Start of Block
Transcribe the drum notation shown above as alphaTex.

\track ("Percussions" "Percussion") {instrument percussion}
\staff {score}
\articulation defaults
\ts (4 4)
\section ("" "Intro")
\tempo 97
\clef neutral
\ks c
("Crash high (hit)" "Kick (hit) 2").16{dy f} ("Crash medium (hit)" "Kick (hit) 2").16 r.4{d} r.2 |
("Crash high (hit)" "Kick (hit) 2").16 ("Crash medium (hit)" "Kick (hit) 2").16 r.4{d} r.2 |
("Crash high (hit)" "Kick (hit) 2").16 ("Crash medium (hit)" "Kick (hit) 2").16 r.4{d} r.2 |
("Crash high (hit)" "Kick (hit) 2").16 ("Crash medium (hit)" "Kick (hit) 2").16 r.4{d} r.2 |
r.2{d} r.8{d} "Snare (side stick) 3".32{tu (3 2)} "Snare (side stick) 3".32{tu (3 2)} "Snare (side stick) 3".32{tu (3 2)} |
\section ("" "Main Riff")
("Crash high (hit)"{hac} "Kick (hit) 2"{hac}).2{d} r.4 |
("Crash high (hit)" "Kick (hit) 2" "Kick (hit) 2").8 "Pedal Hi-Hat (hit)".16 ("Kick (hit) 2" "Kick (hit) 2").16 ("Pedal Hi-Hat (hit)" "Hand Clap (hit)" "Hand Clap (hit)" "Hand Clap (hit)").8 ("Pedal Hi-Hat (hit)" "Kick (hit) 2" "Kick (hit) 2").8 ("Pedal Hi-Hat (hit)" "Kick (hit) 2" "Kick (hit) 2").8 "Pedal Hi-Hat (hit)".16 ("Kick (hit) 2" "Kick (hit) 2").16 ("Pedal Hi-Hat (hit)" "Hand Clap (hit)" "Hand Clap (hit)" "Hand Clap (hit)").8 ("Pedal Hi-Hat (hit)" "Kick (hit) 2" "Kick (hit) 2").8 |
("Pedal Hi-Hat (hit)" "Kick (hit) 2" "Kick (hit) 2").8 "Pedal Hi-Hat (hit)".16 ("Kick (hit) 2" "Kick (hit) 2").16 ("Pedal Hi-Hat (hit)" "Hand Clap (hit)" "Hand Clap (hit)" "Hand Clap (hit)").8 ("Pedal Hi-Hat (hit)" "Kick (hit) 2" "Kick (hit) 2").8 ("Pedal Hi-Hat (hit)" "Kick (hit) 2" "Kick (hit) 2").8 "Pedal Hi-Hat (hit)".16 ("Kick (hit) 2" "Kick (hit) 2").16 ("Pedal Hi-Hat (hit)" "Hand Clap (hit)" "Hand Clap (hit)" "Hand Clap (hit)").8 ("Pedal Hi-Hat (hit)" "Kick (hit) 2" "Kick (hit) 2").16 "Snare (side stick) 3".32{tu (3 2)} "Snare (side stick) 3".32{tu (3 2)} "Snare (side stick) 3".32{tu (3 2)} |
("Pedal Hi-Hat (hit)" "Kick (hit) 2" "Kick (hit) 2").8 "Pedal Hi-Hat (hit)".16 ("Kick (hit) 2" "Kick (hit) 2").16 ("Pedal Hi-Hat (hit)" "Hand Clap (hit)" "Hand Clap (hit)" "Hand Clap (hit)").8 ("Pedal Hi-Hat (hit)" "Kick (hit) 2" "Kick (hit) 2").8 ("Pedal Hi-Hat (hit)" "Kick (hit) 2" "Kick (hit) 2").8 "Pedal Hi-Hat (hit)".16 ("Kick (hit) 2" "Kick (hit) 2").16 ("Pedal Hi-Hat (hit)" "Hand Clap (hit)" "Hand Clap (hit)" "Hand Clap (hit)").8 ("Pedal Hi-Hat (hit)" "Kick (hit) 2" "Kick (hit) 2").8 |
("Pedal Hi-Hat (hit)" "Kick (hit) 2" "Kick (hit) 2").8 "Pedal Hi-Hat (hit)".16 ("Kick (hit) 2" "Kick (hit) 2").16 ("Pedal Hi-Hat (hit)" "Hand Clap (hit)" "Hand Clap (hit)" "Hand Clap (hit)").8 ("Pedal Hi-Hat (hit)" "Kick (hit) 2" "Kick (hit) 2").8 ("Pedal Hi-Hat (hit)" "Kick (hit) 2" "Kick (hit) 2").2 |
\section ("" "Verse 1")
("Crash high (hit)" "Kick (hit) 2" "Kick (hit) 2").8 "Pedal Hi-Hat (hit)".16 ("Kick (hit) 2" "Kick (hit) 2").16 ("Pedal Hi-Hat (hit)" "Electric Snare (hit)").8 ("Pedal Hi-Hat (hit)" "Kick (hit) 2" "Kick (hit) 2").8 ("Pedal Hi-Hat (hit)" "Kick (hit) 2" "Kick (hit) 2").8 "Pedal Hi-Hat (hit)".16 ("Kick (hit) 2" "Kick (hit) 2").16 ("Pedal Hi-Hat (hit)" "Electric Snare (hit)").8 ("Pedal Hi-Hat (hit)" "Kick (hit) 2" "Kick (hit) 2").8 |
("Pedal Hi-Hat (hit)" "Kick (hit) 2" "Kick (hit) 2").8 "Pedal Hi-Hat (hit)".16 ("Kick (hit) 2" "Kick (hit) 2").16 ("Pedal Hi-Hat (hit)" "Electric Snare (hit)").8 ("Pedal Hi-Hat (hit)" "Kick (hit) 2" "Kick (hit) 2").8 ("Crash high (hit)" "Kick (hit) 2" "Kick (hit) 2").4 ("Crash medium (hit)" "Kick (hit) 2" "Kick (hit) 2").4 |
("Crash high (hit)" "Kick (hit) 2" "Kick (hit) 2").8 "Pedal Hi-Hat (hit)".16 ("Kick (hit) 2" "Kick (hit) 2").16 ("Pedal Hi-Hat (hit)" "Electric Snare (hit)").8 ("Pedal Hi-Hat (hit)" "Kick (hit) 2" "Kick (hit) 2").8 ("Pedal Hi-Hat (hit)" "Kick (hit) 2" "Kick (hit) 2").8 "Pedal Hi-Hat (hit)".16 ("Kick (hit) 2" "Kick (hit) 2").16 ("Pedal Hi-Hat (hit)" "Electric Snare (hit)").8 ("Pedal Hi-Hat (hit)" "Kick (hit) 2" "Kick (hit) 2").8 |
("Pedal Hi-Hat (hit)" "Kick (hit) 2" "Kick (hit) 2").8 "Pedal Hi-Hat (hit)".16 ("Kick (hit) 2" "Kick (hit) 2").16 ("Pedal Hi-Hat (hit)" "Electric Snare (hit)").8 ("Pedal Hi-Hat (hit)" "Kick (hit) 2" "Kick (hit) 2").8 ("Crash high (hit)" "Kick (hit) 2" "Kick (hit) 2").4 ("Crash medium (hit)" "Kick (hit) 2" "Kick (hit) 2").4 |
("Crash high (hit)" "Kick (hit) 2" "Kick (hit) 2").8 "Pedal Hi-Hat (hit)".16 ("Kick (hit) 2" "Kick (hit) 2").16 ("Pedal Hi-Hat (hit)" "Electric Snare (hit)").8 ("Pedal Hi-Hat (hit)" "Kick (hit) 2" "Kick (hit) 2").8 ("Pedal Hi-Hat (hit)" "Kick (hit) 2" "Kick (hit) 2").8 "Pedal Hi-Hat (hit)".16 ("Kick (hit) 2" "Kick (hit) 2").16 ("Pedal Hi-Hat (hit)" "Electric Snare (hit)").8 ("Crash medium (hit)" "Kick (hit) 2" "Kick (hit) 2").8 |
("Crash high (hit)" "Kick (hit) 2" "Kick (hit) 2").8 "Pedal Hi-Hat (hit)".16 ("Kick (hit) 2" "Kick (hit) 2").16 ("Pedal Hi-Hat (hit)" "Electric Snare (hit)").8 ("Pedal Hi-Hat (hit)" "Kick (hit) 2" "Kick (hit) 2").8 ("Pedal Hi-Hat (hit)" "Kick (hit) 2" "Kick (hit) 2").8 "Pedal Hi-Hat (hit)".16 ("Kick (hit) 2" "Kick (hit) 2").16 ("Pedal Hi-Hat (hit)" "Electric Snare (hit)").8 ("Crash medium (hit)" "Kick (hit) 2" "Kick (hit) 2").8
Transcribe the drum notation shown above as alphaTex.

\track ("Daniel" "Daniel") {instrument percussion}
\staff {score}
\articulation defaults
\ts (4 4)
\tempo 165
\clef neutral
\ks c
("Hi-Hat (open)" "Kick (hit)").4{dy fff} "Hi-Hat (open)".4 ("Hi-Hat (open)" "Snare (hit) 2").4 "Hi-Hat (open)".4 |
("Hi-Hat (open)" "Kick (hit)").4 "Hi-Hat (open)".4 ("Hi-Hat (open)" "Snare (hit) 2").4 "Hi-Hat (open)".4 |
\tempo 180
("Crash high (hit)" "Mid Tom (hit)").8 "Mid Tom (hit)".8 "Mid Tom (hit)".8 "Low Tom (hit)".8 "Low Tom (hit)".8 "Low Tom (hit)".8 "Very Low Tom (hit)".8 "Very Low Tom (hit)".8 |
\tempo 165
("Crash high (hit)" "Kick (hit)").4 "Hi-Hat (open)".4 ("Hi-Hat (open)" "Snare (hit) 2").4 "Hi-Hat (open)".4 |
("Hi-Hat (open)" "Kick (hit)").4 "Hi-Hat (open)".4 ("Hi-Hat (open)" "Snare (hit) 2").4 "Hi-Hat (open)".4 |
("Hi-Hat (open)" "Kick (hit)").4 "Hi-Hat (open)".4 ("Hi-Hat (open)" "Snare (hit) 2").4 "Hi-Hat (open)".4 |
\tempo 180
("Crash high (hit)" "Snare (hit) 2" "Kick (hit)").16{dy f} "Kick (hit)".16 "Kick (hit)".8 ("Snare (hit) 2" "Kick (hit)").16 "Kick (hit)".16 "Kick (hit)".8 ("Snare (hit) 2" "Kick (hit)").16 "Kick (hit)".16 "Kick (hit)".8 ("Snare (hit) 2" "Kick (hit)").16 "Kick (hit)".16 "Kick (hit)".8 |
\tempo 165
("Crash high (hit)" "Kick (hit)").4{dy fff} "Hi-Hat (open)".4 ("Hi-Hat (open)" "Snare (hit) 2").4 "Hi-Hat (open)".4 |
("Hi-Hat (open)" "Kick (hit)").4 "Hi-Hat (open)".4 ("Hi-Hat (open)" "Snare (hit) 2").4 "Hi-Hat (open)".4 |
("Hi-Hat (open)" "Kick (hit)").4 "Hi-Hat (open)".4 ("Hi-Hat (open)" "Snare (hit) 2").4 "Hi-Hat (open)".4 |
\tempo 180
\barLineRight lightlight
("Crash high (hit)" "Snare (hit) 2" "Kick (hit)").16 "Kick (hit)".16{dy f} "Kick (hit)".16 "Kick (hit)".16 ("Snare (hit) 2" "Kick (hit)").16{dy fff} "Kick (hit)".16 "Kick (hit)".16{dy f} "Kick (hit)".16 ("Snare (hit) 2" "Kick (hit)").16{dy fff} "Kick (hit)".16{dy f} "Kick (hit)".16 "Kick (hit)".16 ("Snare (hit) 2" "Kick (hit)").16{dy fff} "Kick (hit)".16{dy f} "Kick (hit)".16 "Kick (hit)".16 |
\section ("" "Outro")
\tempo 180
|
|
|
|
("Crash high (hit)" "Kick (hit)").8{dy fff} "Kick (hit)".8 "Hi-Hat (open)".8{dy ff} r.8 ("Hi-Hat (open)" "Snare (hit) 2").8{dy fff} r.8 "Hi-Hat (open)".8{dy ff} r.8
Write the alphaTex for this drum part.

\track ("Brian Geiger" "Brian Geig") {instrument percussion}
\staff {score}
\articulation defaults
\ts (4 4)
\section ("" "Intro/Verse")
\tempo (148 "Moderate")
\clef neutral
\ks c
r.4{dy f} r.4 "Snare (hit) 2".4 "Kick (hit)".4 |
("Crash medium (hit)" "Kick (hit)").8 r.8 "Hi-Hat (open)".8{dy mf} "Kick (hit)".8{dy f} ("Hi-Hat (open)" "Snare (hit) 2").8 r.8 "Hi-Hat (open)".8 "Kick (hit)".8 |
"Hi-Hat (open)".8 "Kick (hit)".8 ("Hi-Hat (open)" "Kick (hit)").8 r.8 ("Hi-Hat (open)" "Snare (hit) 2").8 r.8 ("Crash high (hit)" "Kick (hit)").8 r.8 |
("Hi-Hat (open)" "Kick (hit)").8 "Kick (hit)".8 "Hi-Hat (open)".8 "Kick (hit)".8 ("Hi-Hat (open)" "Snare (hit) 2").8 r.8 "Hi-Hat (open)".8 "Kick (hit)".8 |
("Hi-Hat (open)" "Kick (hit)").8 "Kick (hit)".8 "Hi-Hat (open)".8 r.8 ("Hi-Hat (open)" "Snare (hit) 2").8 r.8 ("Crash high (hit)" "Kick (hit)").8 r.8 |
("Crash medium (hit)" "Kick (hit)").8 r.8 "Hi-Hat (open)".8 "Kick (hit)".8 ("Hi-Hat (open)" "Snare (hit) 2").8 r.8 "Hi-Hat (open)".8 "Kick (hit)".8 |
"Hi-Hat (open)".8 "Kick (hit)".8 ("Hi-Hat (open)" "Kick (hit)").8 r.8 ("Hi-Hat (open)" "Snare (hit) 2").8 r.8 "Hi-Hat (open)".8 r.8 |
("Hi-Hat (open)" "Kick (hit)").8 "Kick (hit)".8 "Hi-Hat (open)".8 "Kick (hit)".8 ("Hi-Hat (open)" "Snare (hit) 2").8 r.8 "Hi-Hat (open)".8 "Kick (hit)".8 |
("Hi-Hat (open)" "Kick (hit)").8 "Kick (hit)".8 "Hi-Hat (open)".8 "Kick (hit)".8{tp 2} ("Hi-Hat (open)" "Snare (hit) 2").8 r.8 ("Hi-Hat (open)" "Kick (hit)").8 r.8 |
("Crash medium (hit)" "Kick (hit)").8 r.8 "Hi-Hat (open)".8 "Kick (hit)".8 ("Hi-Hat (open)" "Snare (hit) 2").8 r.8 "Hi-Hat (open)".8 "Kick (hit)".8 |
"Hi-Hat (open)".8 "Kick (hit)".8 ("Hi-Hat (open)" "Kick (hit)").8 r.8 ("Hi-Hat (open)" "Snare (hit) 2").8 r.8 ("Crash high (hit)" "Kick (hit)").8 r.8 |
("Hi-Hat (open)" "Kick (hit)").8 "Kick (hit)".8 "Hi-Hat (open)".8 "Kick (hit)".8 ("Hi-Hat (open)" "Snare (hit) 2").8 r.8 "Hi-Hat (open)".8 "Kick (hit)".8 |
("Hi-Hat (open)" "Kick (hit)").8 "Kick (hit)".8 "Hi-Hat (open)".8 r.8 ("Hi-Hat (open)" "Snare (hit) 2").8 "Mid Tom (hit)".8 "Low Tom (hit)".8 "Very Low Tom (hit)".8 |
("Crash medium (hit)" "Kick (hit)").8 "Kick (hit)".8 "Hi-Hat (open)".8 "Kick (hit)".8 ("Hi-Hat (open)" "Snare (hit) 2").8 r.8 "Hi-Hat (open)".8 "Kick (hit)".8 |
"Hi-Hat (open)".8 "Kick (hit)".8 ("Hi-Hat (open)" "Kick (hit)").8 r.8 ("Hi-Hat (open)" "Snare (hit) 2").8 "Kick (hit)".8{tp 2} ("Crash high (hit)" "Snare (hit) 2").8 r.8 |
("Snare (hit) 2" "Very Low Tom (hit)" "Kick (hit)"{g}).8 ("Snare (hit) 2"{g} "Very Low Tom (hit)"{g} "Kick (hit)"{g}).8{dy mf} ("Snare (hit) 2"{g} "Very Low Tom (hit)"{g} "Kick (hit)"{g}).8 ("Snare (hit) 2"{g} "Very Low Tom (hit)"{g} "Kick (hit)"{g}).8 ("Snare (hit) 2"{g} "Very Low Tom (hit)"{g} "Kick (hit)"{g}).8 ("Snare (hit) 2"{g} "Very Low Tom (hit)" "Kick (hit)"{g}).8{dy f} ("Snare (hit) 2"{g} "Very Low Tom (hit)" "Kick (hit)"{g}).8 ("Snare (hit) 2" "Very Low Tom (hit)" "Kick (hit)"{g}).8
End of Block
- [WHAT YOU SHOULD DO]: In the listing above, locate each line with "section" and copy it.

- [YOUR SOLUTION]:
\section ("" "Intro")
\section ("" "Main Riff")
\section ("" "Verse 1")
\section ("" "Outro")
\section ("" "Intro/Verse")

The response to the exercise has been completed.